This project is a toolkit for fine-tuning and managing text-to-image diffusion models. It focuses on low-rank adaptation to create small, portable weight files that customize model styles and behaviors without modifying the entire base model.

The project provides specialized utilities for model distillation using singular value decomposition to extract adapters from fully trained models, as well as tools for blending and merging multiple adapters through weight interpolation. It includes capabilities for subject inversion and pivotal tuning to increase the visual fidelity of specific identities.

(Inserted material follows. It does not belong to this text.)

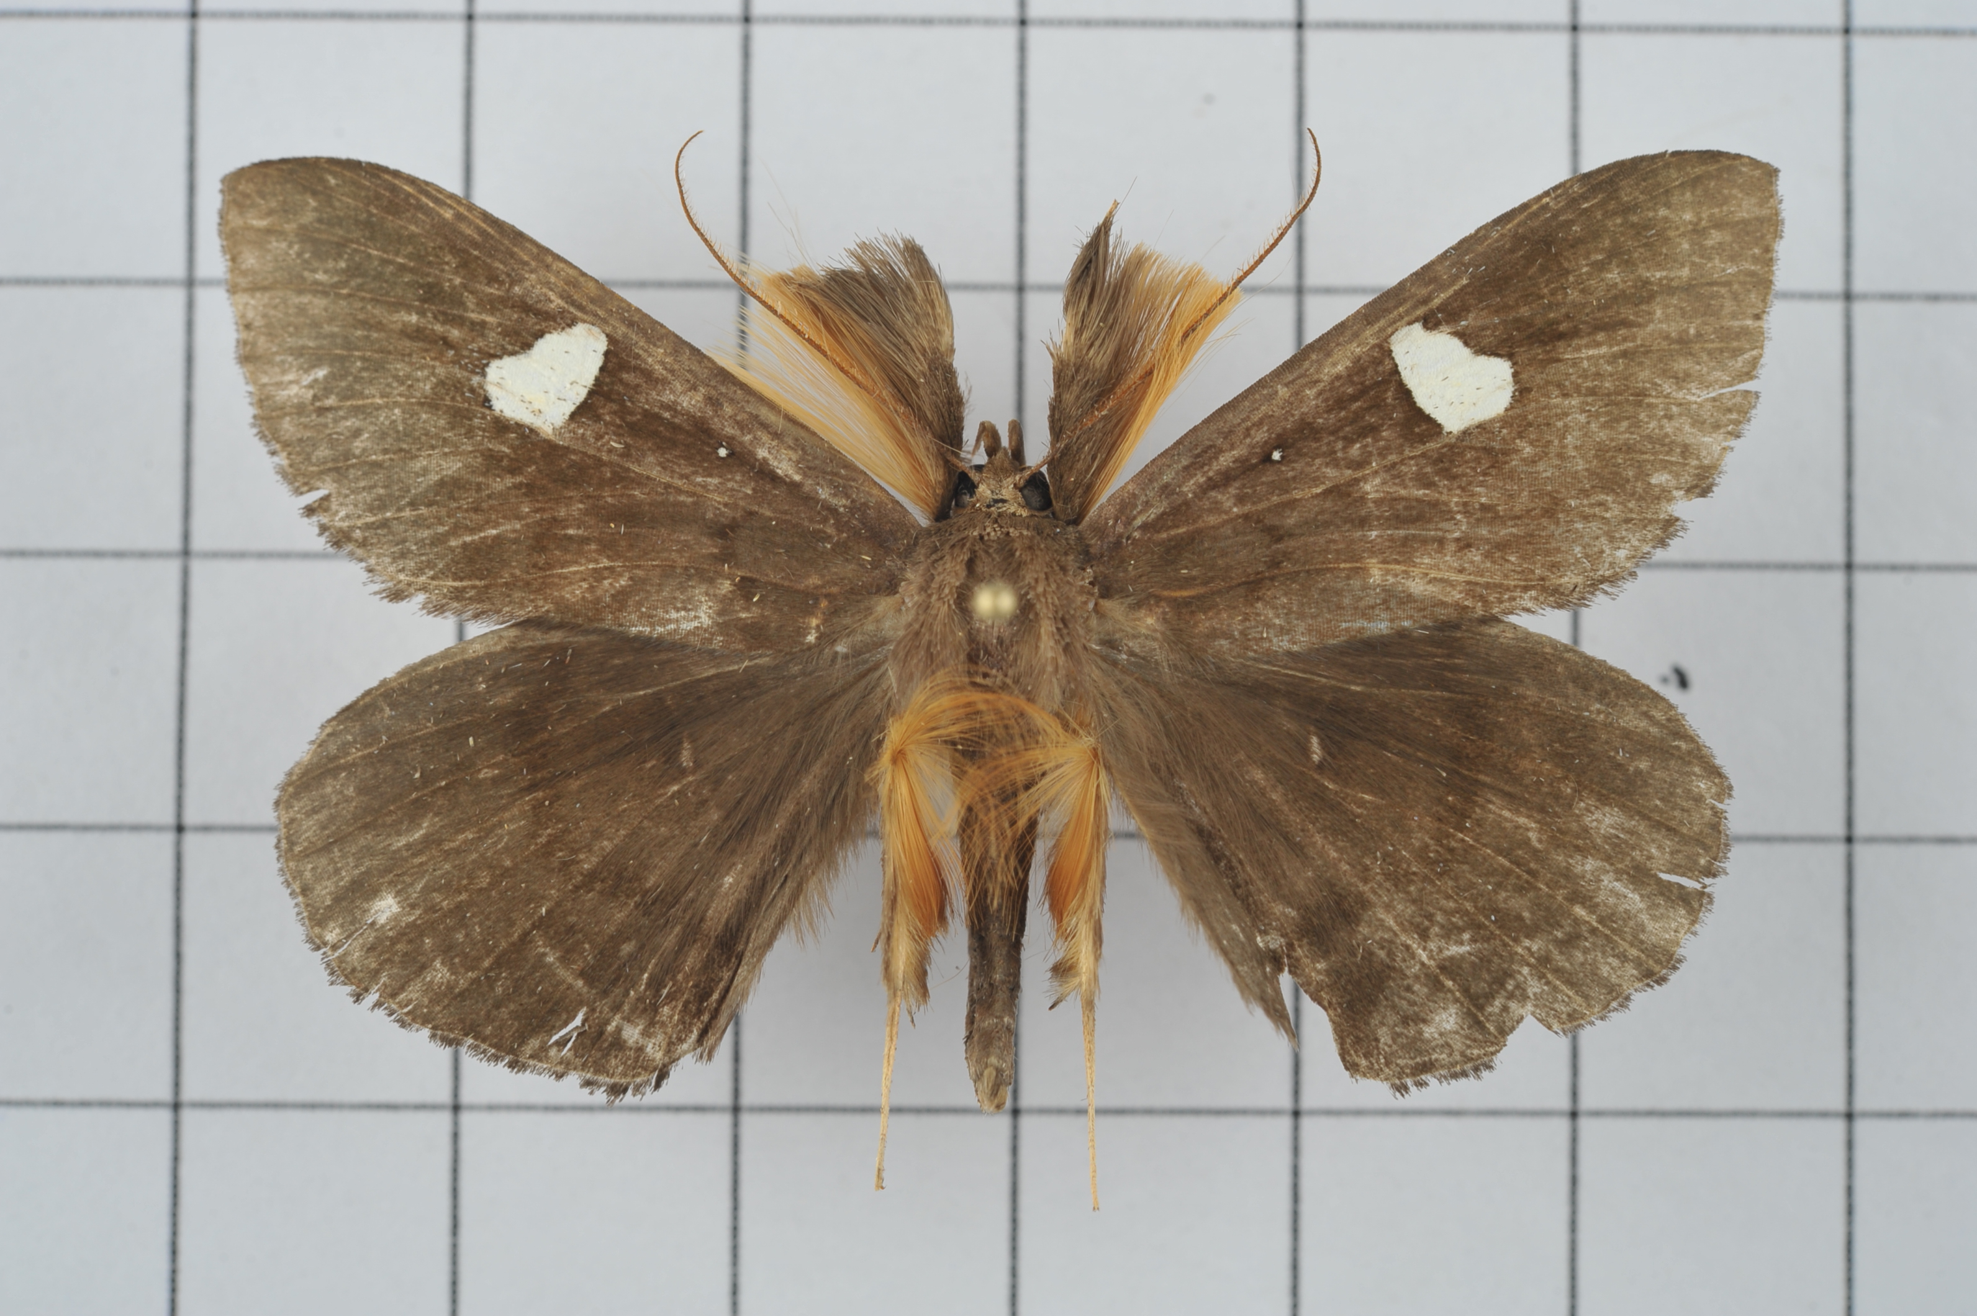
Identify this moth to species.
Edessena gentiusalis

Additional capabilities cover the transformation of model weights between different storage formats for cross-engine compatibility. The toolkit also supports training for image inpainting and the co-training of text encoders to improve the association between specific tokens and visual concepts.

Features

  • Low-Rank Adaptation - Implements low-rank adaptation to create small, portable weight matrices for customizing diffusion model styles and behaviors.
  • Subject-Specific Adaptation - Combines low-rank adaptation with specialized techniques to associate specific names with visual subjects.
  • SVD Distillation - Uses singular value decomposition to extract small adapters from fully trained large models to reduce size.
  • SVD Distillation - Uses singular value decomposition to extract low-rank adapter weights from a fully trained model.
  • SVD Distillation - Extracts a low-rank adapter from a fully trained model through singular value decomposition distillation.
  • Subject Inversion Techniques - Refines the representation of specific subjects through iterative tuning of multiple vectors to increase visual fidelity.
  • Adapter Merging - Provides tools to combine multiple learned adapter weights into a single set to blend different styles.
  • Pivotal Tuning Inversion - Implements pivotal tuning and multi-vector inversion to increase the visual fidelity of specific identities.
  • Inpainting Trainers - Provides a specialized training setup for fine-tuning diffusion models to fill image gaps and restore visual details.
  • Image Inpainting - Fine-tunes models to fill image gaps and restore visual details using dedicated inpainting base models.
  • Weight Merging Utilities - Blends multiple low-rank adapters into a single set using adjustable weight interpolation ratios.
  • Text Encoder Adaptation - Allows co-training of text encoders alongside diffusion models to improve visual concept association.
  • GGUF Format Conversions - Transforms weight files between different storage formats to ensure compatibility with various inference engines.
  • Weight Conversion Utilities - Provides utilities for transforming trained model weights between different storage formats to ensure cross-engine compatibility.
  • LoRA Adapter Loaders - Manages low-rank adaptation weights through merging and conversion to blend styles and ensure compatibility.
  • Model Weight Utilities - Transforms model weight formats between different storage standards for compatibility across inference engines.
  • Caption-Based Training - Implements training capabilities that link images with text descriptions to improve generation accuracy.
  • Weight Interpolation - Enables blending of low-rank adapters with base models using adjustable ratios for style interpolation.
  • Inpainting Training - Provides specialized training setups and flags to fine-tune diffusion models for image inpainting.
  • Model Fine Tuning - Applies low-rank adaptation to fine-tune diffusion models efficiently.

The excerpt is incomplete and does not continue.